Unemployment has worsened at a time when the new Omicron variant of COVID-19 is spreading like wildfire both in India and several other countries, leading to lockdowns and containment measures. There is great uncertainty in the labour market, and nobody knows what will happen next, chiefly because Omicron overrides immunity from vaccination.

The year 2022 is thus opening with a gloomy scenario, as against 2021 which had begun with hope after development of vaccines in a short time and its rollout from January 16. It was hoped that market conditions would improve, enabling the unemployed to get jobs.

Unemployment rate in December 2020 was 9.06 per cent. For urban areas it was even higher at 9.15 per cent. At that time, the urban unemployment rate was 8.84. All India unemployment rate then began improving with the opening of almost all sectors of economy.

By March, it fell to 6.50 per cent which is the lowest for this year, with urban unemployment at 7.27 per cent and rural unemployment at 6.15 per cent. However, it was worse than the unemployment rate of 6.1 per cent in the beginning of 2018.

The situation had started worsening sharply from November 2016 itself after Modi govt’s demonetisation move which forced crores of business and industrial establishments, especially MSMEs, to close. Millions others struggled to survive due to shortage of cash, and millions more cut their production up to 75 per cent. Crores of people lost their jobs and by the beginning of 2018, unemployment in India was at a 45 year high.

The unemployed have thus been hit the hardest during Modi govt’s tenure, which the outbreak of the COVID-19 pandemic made even worse. Its sudden lockdown order in March 24, 2020 put a brake on the whole economy and brought it to a grinding halt, with relief given in phases only from June 1, 2020.

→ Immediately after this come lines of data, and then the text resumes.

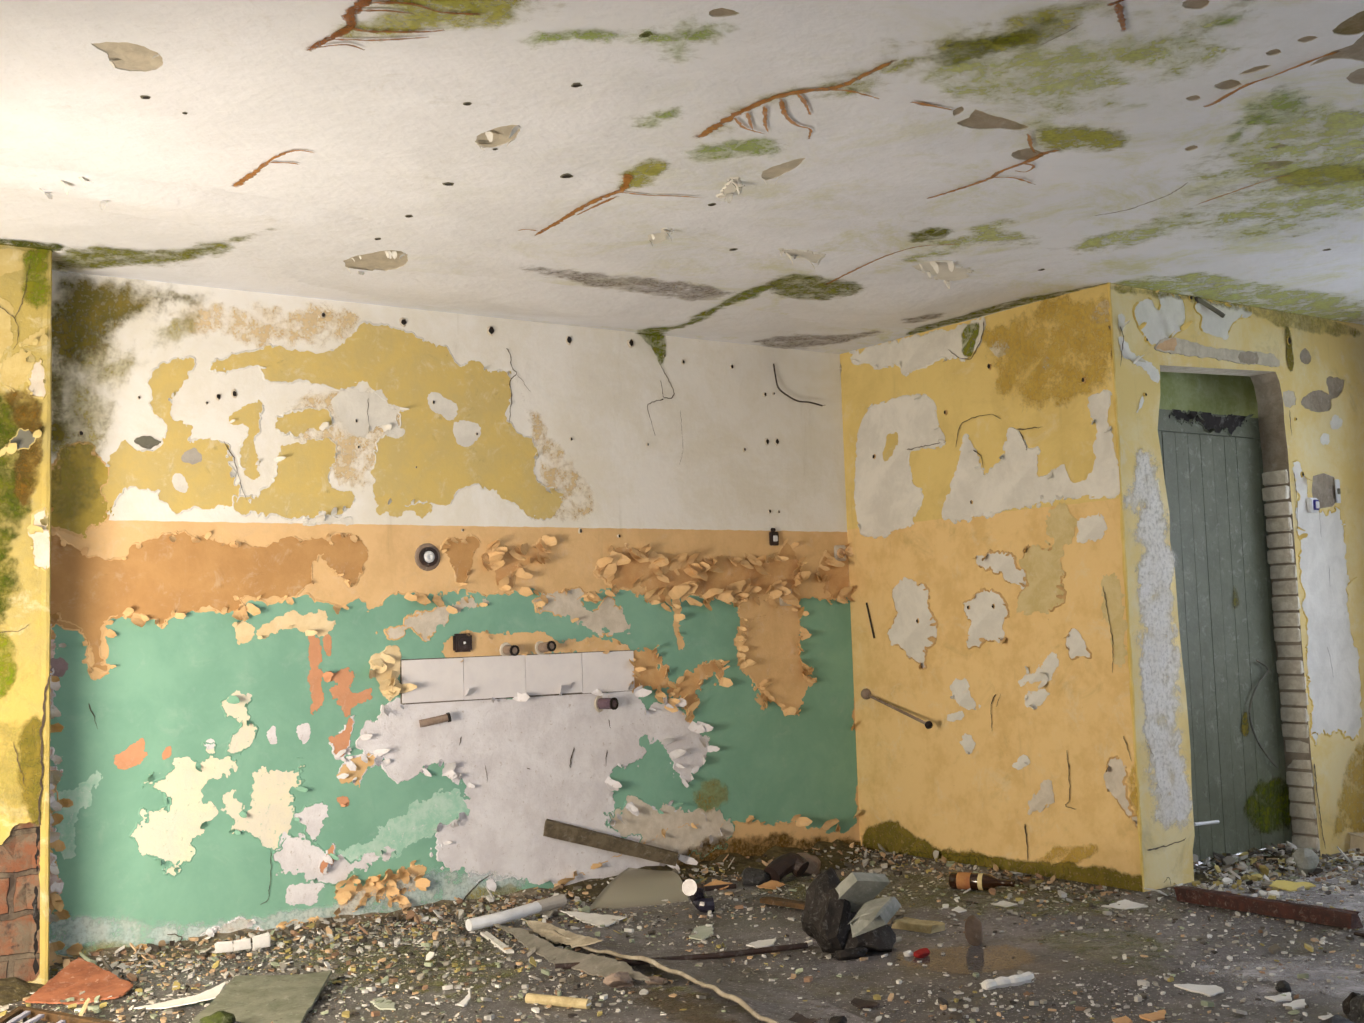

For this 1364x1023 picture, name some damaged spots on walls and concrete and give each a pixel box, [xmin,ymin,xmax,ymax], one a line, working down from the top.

rust [307,0,480,51]
rust [697,61,893,139]
spalling [1182,0,1210,9]
spalling [1214,49,1282,90]
spalling [1297,11,1364,85]
rust [927,134,1059,199]
rust [518,174,700,236]
peeling [0,317,1192,982]
crack [13,677,49,826]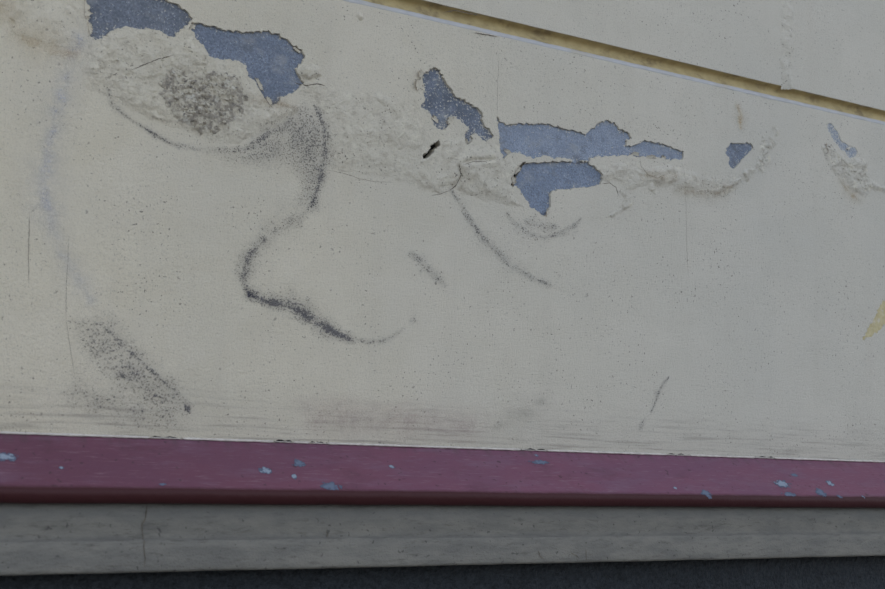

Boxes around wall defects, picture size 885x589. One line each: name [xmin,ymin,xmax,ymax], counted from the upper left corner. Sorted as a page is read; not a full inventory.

peeling [84,0,304,135]
peeling [415,68,682,217]
peeling [725,143,752,168]
peeling [826,123,858,158]

The country was hit by the second wave of COVID-19 in April, which led to further lockdowns and containment measures. The labour market suddenly deteriorated and the gains of the last three months were reversed. Unemployment rate rose to 7.97 per cent from 6.50 per cent just a month ago. Both the urban and rural areas were adversely affected and the unemployment rate rose to 9.78 and 7.13 per cent respectively.


May proved to be worst with the rise in the ferocity of the second wave. Markets were shut down and millions of establishments closed. Unemployment rate shot up to 11.84 per cent which is highest for the current year. Unemployment in the urban areas became even worse at 14.72 per cent while in the urban areas it was 10.55 per cent.

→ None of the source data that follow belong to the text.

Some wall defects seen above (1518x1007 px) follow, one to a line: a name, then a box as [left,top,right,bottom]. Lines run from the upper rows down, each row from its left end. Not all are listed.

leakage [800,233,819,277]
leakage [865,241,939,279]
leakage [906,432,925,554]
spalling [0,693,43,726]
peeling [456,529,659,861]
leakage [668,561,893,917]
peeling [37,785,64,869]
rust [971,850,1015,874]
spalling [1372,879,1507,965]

The unemployment scenario started improving thereafter and came down to 6.96 per cent in July; for urban areas 8.32 per cent and for rural areas 6.34 per cent. However, it was short lived, and by August all India unemployment rose to 8.32 per cent, with urban and rural unemployment at 9.78 and 7.64 per cent respectively.

The situation improved again in September that was the last month of lower unemployment rate of 6.86 per cent, which rose to 7.75 per cent in October, 7 per cent in November, and now 8 per cent in December. Unemployment in urban areas is more than the rural areas.

Among the states, as per the data of CMIE, the unemployment rate in November was highest in Haryana at 29.3 per cent followed by Jammu & Kashmir at 21.4, Rajasthan 20.4, Bihar 14.8, Himachal Pradesh 13.6, Tripura 13.4, Goa 12.7, and Jharkhand 11.3. The lowest unemployment rate was 0.6 per cent in Odisha, and only little more at 0.8 per cent in Meghalaya.

The other states having unemployment rates less than 5 per cent were Uttarakhand, Uttar Pradesh, Telangana, Maharashtra, Madhya Pradesh, Karnataka, Gujarat, Chhattisgarh, and Assam. All other states have unemployment rate in the range of 5-10 per cent.

Given the high unemployment scenario in both the urban and rural areas, it is imperative for the Modi government to take urgent steps to rectify the distortion in the labour market. Urban areas need more attention because of higher unemployment rate compared to the rural areas.

Employment guarantee schemes for the urban areas may be an option for the time being similar to the programmes being implemented in the rural areas.

The year 2022 is beginning with an additional ominous sign of Omicron triggering a fresh crisis, and therefore, it’s all the more important that the unemployed must get a helping hand.